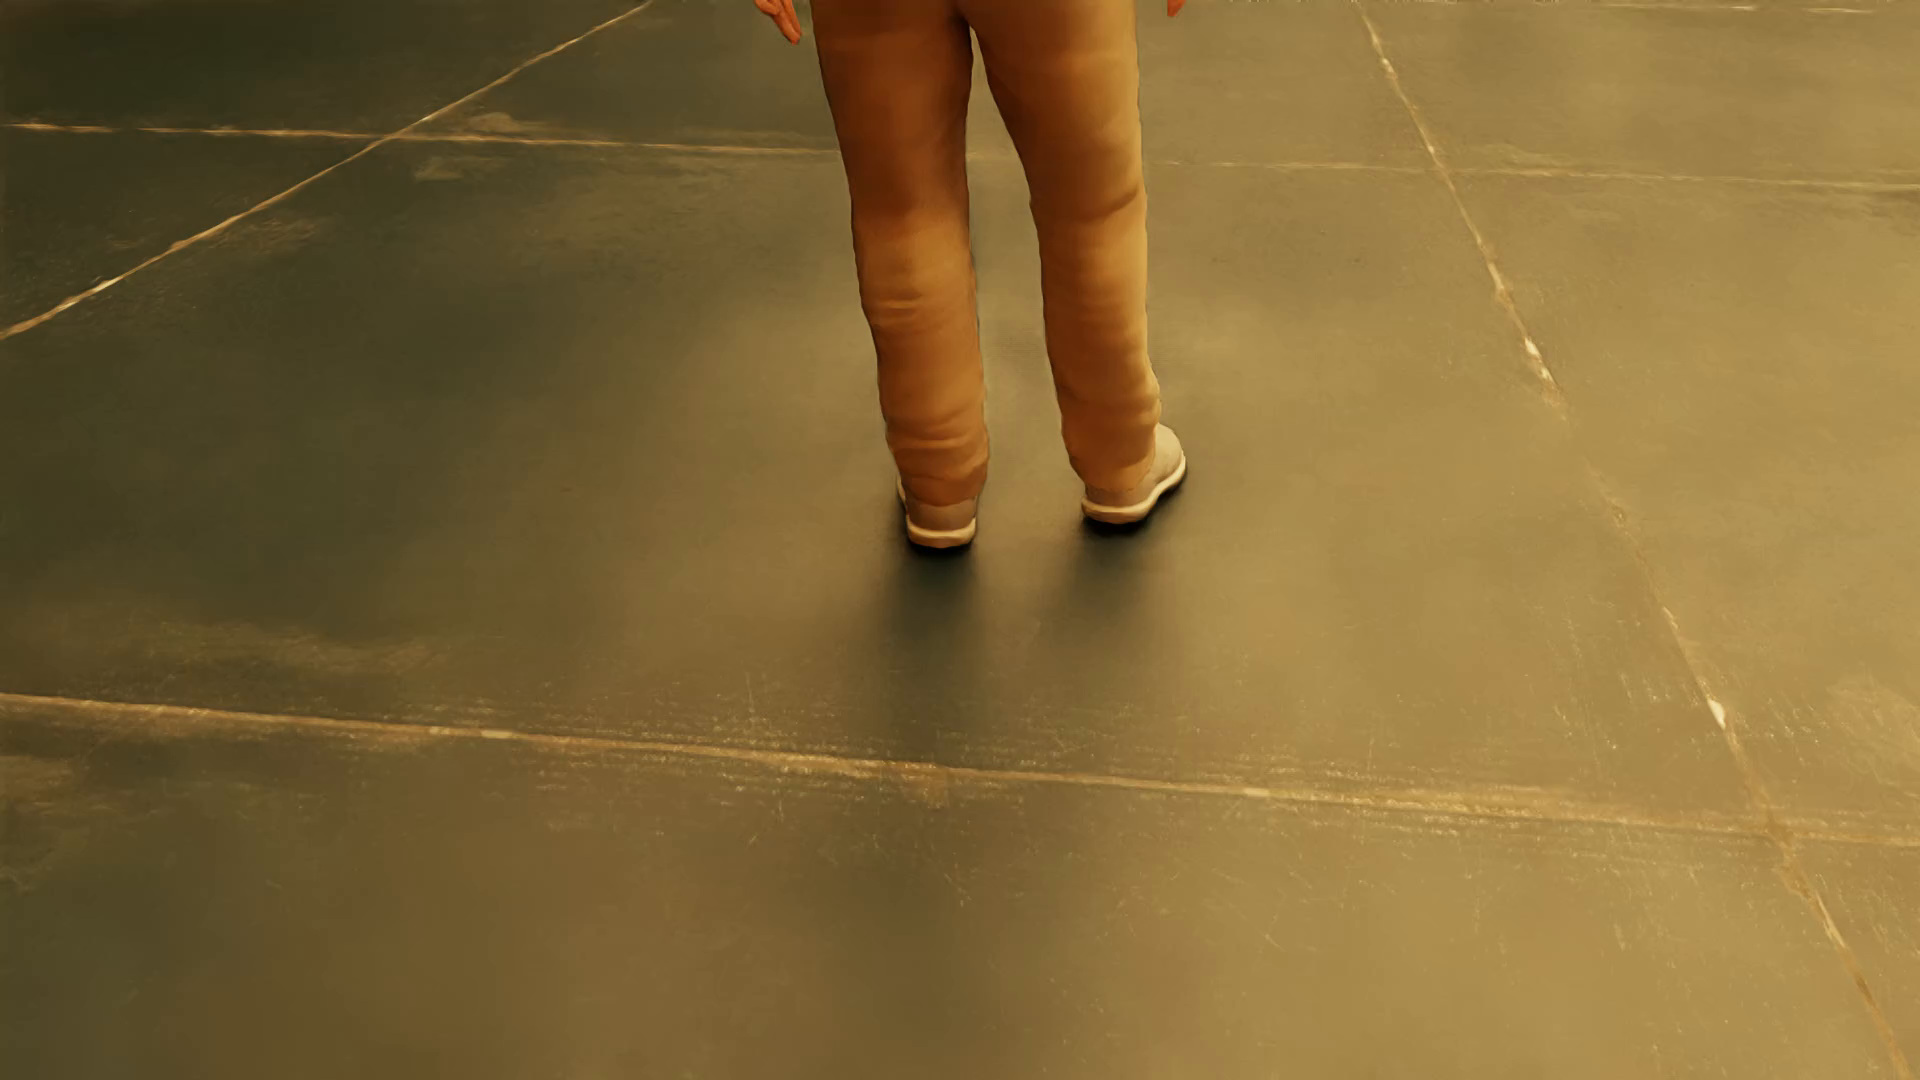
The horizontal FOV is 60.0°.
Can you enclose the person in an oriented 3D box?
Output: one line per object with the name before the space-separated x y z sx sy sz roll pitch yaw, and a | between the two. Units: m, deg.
person | 0.024 -0.819 2.189 0.640 1.726 0.550 3 27 7
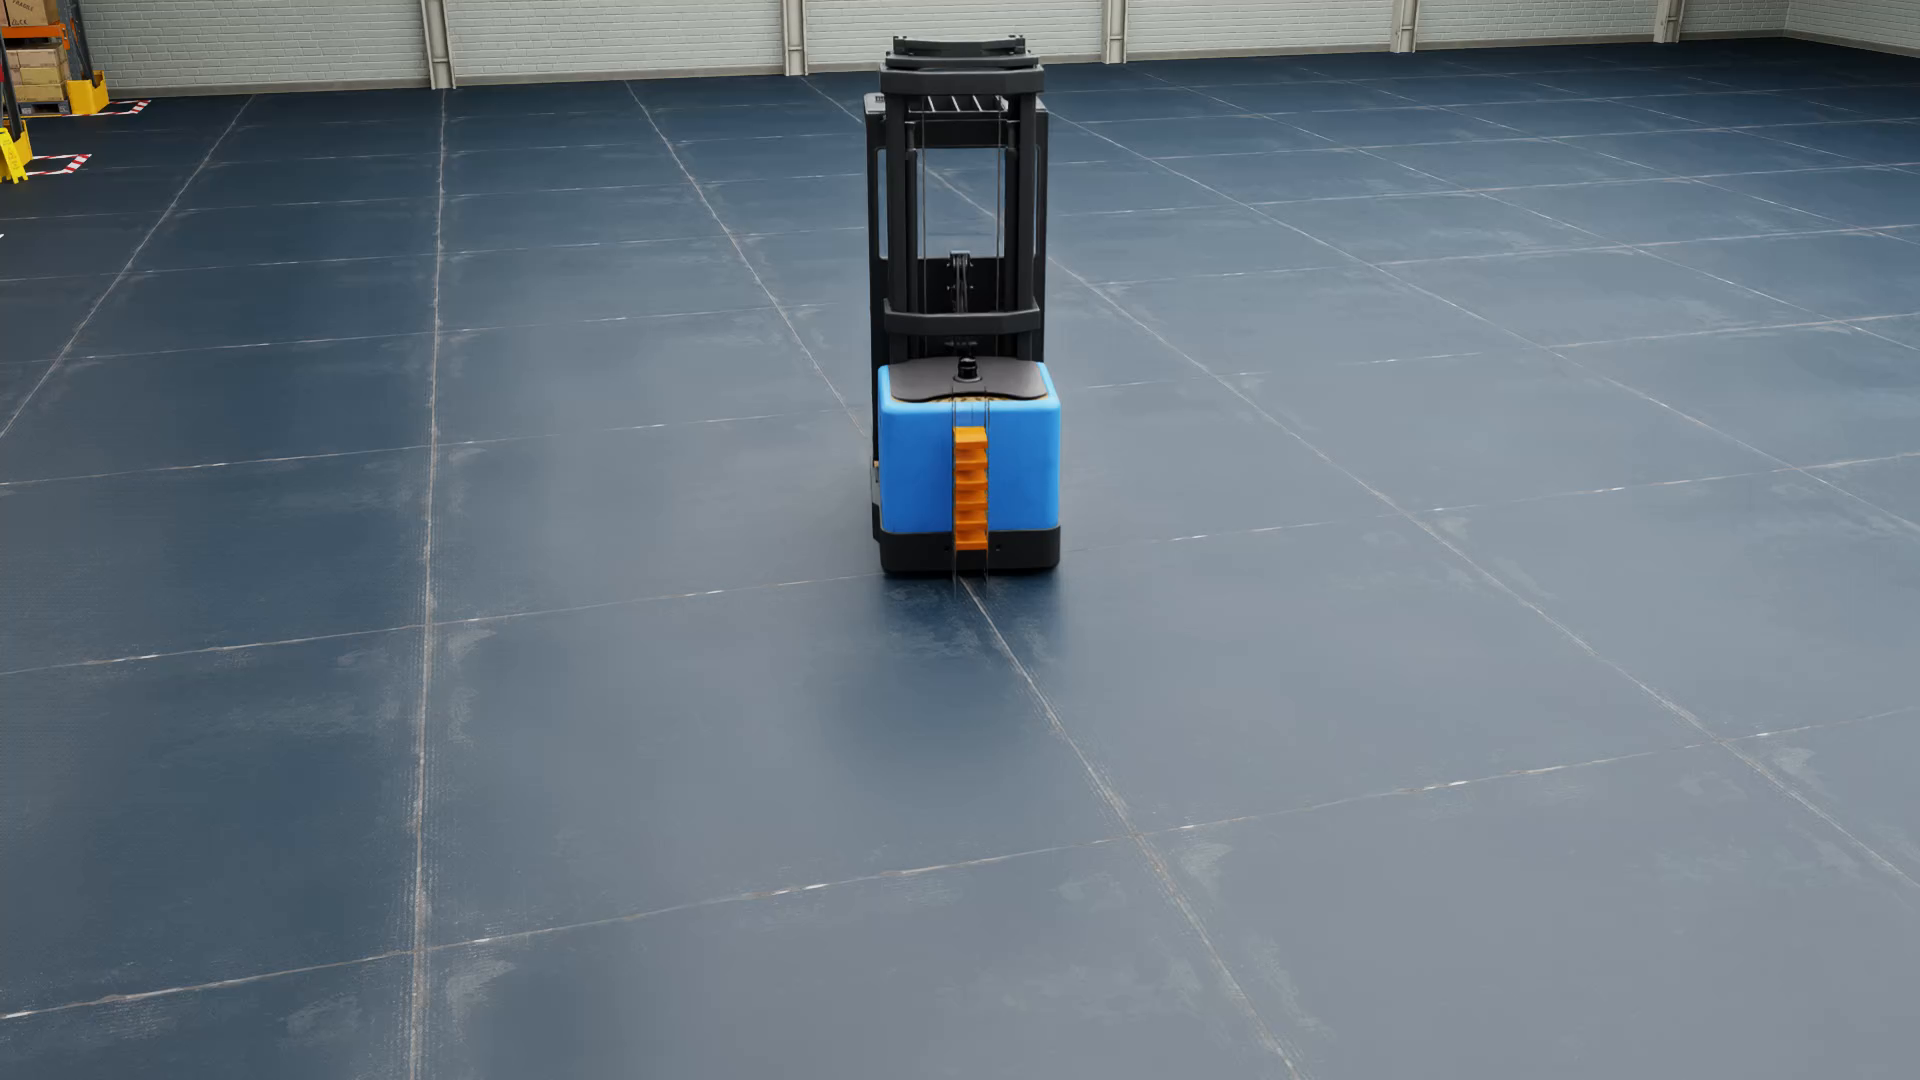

PROBLEM REQUIREMENTS: Would you retype all the lines shown above, exactly as written and without any picture?

WRITTEN ANSWER:
The horizontal FOV is 60.0°.
Can you enclose the person in an oriented 3D box?
Output: one line per object with the name before the space-separated x y z sx sy sz roll pitch yaw, and a | between the two. Units: m, deg.
person | 0.024 -0.819 2.189 0.640 1.726 0.550 3 27 7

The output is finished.